Update: I built a kernel with the patch from https://bugzilla.redhat.com/show_bug.cgi?id=528312#c118 (and ran it with the appropriate flags) and it DID NOT HELP. The symptoms appeared after a warm and a cold reboot.
So I tried disabling the uevent patch in xorg-x11-drv-intel as suggested in https://bugzilla.redhat.com/show_bug.cgi?id=528312#c70 and it DID HELP. That is, the udev storms continued to happen, but they did not slow X to a crawl. In fact, a udev storm is happening right now as I type this, but it's monopolizing just one of my four cores, which I can live with for now.
(Cross-posting this update to bug #528312.)
This message is a reminder that Fedora 12 is nearing its end of life.
Approximately 30 (thirty) days from now Fedora will stop maintaining
and issuing updates for Fedora 12. It is Fedora's policy to close all
bug reports from releases that are no longer maintained. At that time
this bug will be closed as WONTFIX if it remains open with a Fedora
'version' of '12'.
Package Maintainer: If you wish for this bug to remain open because you
plan to fix it in a currently maintained version, simply change the 'version'
to a later Fedora version prior to Fedora 12's end of life.

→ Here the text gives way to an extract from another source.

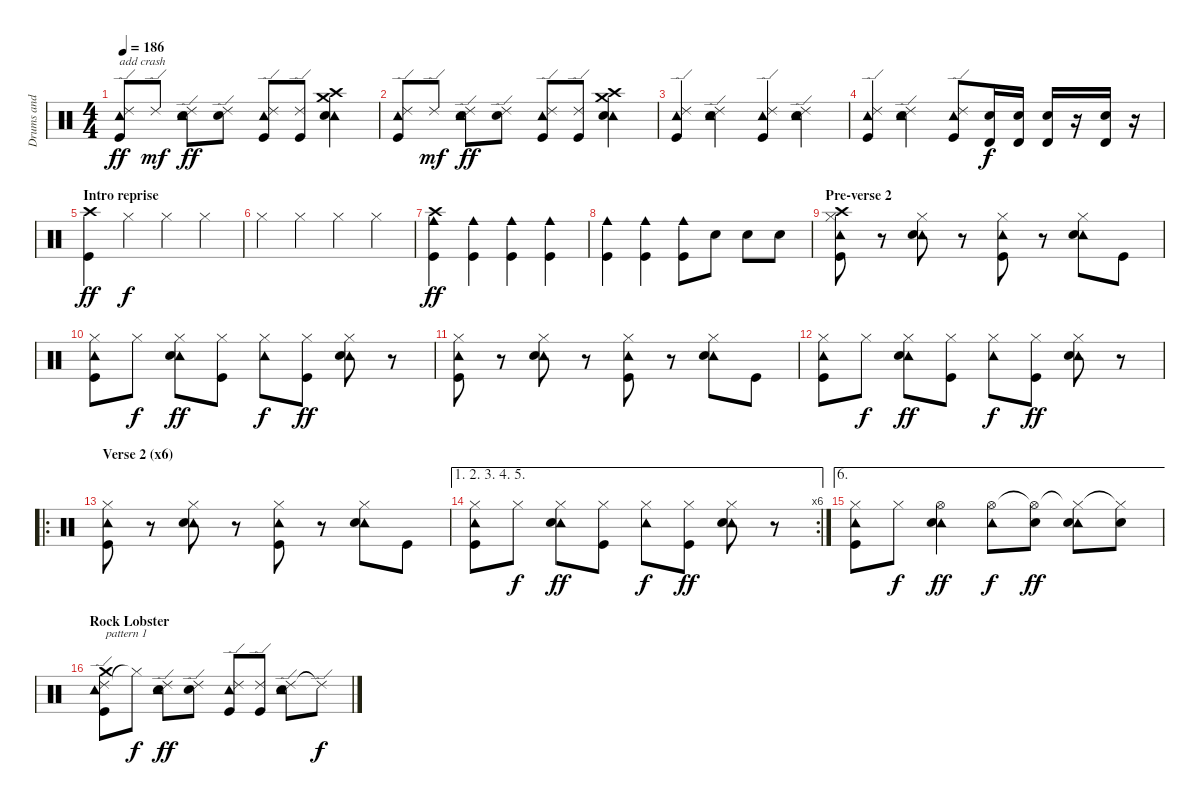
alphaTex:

Bug Reporter: Thank you for reporting this issue and we are sorry that
we may not be able to fix it before Fedora 12 is end of life. If you
would still like to see this bug fixed and are able to reproduce it
against a later version of Fedora please change the 'version' of this
bug to the applicable version. If you are unable to change the version,
please add a comment here and someone will do it for you.
Although we aim to fix as many bugs as possible during every release's
lifetime, sometimes those efforts are overtaken by events. Often a
more recent Fedora release includes newer upstream software that fixes
bugs or makes them obsolete.
The process we are following is described here:
Fedora 12 changed to end-of-life (EOL) status on 2010-12-02. Fedora 12 is
no longer maintained, which means that it will not receive any further
security or bug fix updates. As a result we are closing this bug.
If you can reproduce this bug against a currently maintained version of
Fedora please feel free to reopen this bug against that version.
Thank you for reporting this bug and we are sorry it could not be fixed.